What is being asked: Of the records below, reproduce only the span that opens with the line containing "Answer: Policy Implications" and closes with the last line.

Extracted records:

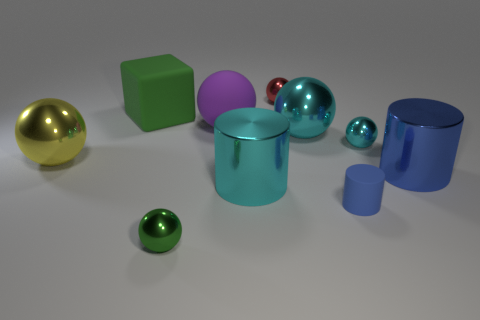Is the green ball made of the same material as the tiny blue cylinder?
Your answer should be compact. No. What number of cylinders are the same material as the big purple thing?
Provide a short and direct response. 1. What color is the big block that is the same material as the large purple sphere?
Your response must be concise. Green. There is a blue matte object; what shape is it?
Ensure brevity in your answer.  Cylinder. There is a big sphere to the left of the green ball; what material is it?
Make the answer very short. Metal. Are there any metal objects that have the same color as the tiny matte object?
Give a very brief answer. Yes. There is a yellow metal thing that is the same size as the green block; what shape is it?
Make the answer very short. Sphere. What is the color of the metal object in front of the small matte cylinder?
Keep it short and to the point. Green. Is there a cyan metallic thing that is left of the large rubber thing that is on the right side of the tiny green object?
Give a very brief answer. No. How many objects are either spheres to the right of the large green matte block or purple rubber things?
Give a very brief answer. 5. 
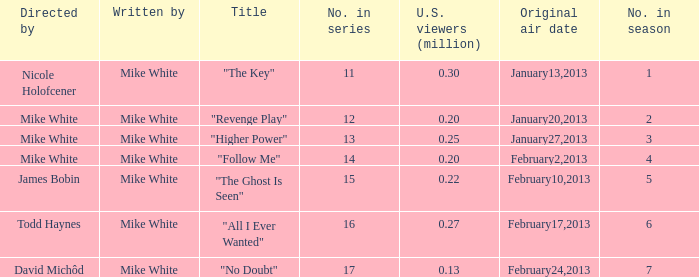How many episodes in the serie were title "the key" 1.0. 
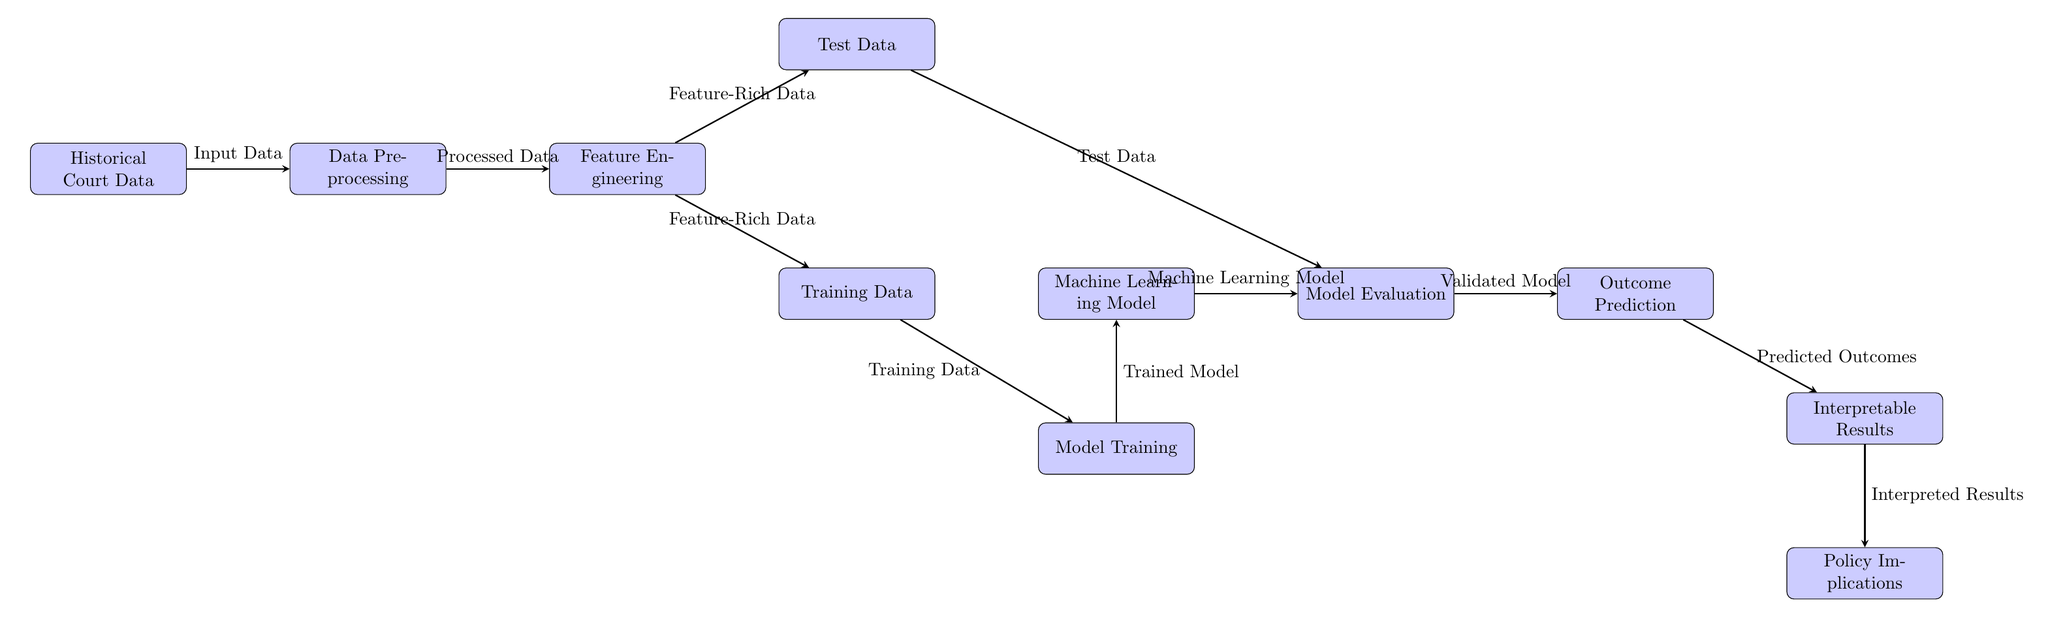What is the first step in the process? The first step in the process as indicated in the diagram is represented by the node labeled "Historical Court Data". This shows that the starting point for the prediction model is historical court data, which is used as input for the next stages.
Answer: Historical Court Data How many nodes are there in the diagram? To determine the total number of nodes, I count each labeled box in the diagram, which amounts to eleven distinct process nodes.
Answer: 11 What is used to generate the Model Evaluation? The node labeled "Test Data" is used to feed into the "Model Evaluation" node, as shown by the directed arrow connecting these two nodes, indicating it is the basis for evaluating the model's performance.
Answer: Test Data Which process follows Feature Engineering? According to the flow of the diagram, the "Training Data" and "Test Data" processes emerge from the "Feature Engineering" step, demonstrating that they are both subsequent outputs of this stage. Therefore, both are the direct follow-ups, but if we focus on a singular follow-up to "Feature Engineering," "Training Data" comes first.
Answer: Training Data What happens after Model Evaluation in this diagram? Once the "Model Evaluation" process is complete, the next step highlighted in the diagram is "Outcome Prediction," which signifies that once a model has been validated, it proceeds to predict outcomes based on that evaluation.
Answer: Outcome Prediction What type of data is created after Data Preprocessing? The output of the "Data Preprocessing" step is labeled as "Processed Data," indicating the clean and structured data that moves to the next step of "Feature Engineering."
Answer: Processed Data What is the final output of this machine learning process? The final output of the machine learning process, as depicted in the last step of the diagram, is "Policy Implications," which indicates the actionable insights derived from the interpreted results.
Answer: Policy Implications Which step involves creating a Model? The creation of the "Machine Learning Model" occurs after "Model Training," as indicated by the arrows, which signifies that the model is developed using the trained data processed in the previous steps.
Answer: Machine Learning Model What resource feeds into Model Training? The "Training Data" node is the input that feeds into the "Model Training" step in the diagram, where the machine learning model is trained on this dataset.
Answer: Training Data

Result of the task:
Answer: Policy Implications Which step involves creating a Model? The creation of the "Machine Learning Model" occurs after "Model Training," as indicated by the arrows, which signifies that the model is developed using the trained data processed in the previous steps.
Answer: Machine Learning Model What resource feeds into Model Training? The "Training Data" node is the input that feeds into the "Model Training" step in the diagram, where the machine learning model is trained on this dataset.
Answer: Training Data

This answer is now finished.